● What you should do:
Locate the line that contains "An invented example". Retype it and every line after it to the end of the records, exactly, but not the pictures.

● Task inputs:
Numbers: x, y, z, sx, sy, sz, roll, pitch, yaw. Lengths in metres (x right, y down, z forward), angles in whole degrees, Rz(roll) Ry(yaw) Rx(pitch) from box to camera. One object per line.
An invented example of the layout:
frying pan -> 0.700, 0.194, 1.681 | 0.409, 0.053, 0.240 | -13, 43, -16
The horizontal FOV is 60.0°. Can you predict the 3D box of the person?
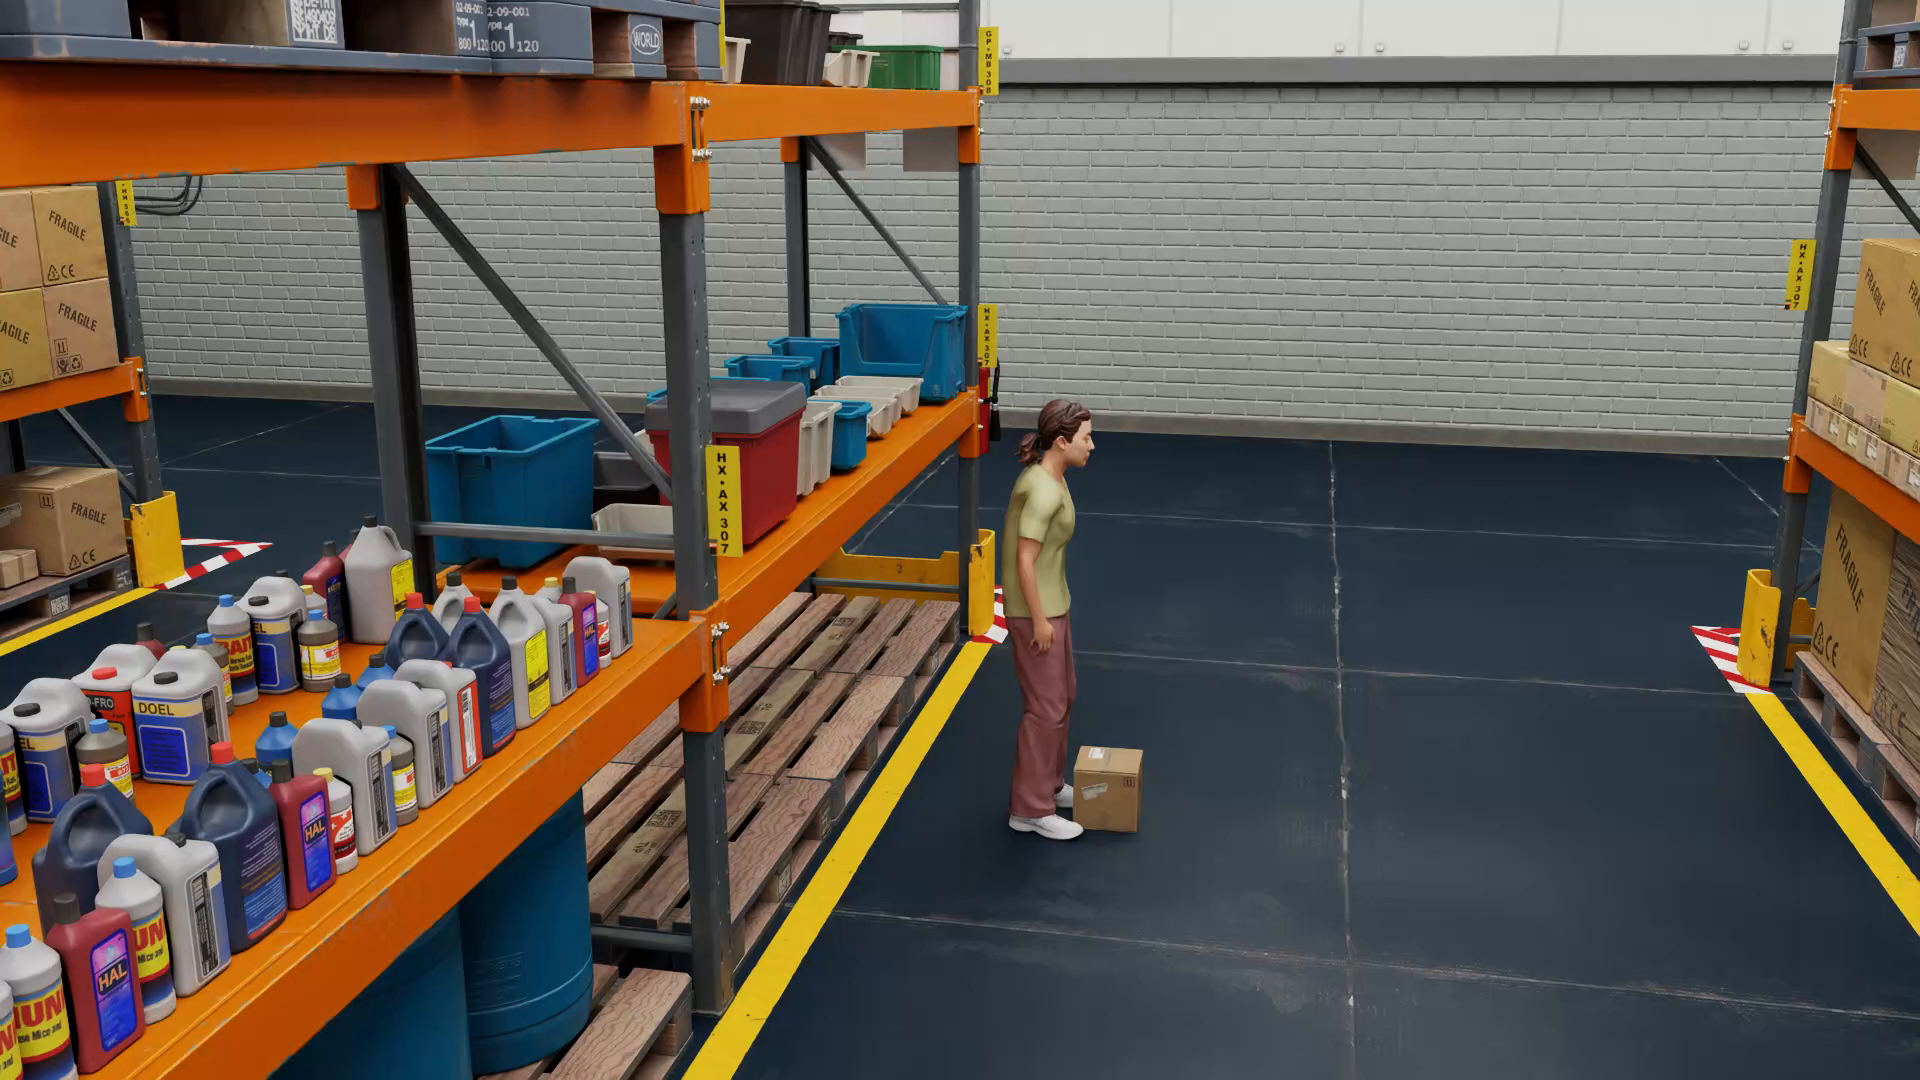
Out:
person -> 0.339, 0.285, 6.434 | 0.362, 1.671, 0.511 | 2, 15, 8

● Solution to this exercise:
An invented example of the layout:
frying pan -> 0.700, 0.194, 1.681 | 0.409, 0.053, 0.240 | -13, 43, -16
The horizontal FOV is 60.0°. Can you predict the 3D box of the person?
Out:
person -> 0.339, 0.285, 6.434 | 0.362, 1.671, 0.511 | 2, 15, 8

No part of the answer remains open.